Having Fun with Encoding!

Compiler Plugin

Recently, I edited our main company root POM to upgrade some plugins to new versions. Of course, we are following best practice to lock down the plugin version, so when a new version is available we only need to adjust the parent POM. Nearly all version updates were on the last build number digit, which is the z in x.y.z version string – so I didn't expect much difficulties.
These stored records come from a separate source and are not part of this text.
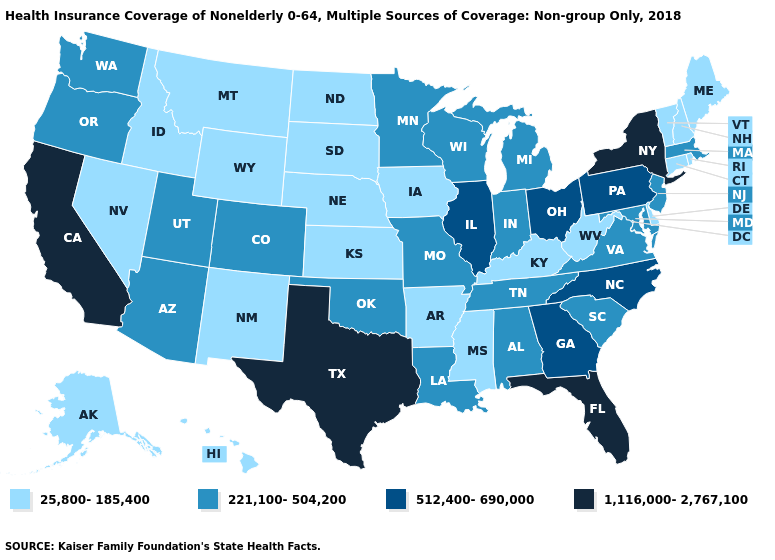What is the value of North Dakota?
Concise answer only. 25,800-185,400. What is the highest value in states that border Wisconsin?
Short answer required. 512,400-690,000. Name the states that have a value in the range 25,800-185,400?
Be succinct. Alaska, Arkansas, Connecticut, Delaware, Hawaii, Idaho, Iowa, Kansas, Kentucky, Maine, Mississippi, Montana, Nebraska, Nevada, New Hampshire, New Mexico, North Dakota, Rhode Island, South Dakota, Vermont, West Virginia, Wyoming. What is the value of Maryland?
Be succinct. 221,100-504,200. What is the value of New Jersey?
Be succinct. 221,100-504,200. Among the states that border Massachusetts , does New York have the highest value?
Answer briefly. Yes. Name the states that have a value in the range 25,800-185,400?
Short answer required. Alaska, Arkansas, Connecticut, Delaware, Hawaii, Idaho, Iowa, Kansas, Kentucky, Maine, Mississippi, Montana, Nebraska, Nevada, New Hampshire, New Mexico, North Dakota, Rhode Island, South Dakota, Vermont, West Virginia, Wyoming. What is the lowest value in the MidWest?
Give a very brief answer. 25,800-185,400. Name the states that have a value in the range 1,116,000-2,767,100?
Be succinct. California, Florida, New York, Texas. Among the states that border Wisconsin , does Minnesota have the lowest value?
Keep it brief. No. Name the states that have a value in the range 221,100-504,200?
Short answer required. Alabama, Arizona, Colorado, Indiana, Louisiana, Maryland, Massachusetts, Michigan, Minnesota, Missouri, New Jersey, Oklahoma, Oregon, South Carolina, Tennessee, Utah, Virginia, Washington, Wisconsin. Name the states that have a value in the range 25,800-185,400?
Write a very short answer. Alaska, Arkansas, Connecticut, Delaware, Hawaii, Idaho, Iowa, Kansas, Kentucky, Maine, Mississippi, Montana, Nebraska, Nevada, New Hampshire, New Mexico, North Dakota, Rhode Island, South Dakota, Vermont, West Virginia, Wyoming. Which states have the lowest value in the USA?
Write a very short answer. Alaska, Arkansas, Connecticut, Delaware, Hawaii, Idaho, Iowa, Kansas, Kentucky, Maine, Mississippi, Montana, Nebraska, Nevada, New Hampshire, New Mexico, North Dakota, Rhode Island, South Dakota, Vermont, West Virginia, Wyoming. What is the highest value in the USA?
Write a very short answer. 1,116,000-2,767,100. What is the value of Wisconsin?
Answer briefly. 221,100-504,200.

However, for the compiler plugin, it was a jump from version 2.0.2 to 2.1, and indeed it turned out that some of the test cases failed compiling with strange encoding issues when using the new compiler plugin version.

Specify Encoding

We are following the suggestion to specify a POM property for source file encoding, for not being forced to configure encoding for all relevant plugins individually. Moreover, we were exactly using what's shown in the example:

<project>
...
<properties>
<project.build.sourceEncoding>UTF-8</project.build.sourceEncoding>
...
</properties>
...
</project>
That is, we assumed our source files were UTF-8 encoded, which is the most widely used encoding for unicode characters. But, for some of the projects, that's actually not the case since we are using Eclipse with the default setting for text file encoding which is Cp1252 (Western European) on our german Windows.
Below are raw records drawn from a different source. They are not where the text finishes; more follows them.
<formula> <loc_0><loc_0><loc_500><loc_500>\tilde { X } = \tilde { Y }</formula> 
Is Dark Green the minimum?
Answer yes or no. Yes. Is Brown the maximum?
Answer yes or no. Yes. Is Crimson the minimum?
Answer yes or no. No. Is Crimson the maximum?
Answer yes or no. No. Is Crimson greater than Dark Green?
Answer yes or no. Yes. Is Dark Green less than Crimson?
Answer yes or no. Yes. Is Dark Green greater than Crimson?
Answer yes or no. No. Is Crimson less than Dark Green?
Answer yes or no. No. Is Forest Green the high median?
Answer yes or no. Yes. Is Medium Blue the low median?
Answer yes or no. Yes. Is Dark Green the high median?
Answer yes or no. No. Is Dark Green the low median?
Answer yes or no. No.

Why didn't we ever notice that? Well, it happens that both the UTF-8 as well as Cp1252 encodings are backwards compatible with ASCII. We are coding most of the stuff in english (concerning package, class, method, attribute and parameter names, and even Javadoc comments), so the resulting byte stream will never be different for both encodings. However, some of the files used german umlauts in line comments which are exactly the files that can't be compiled any more with new compiler plugin version.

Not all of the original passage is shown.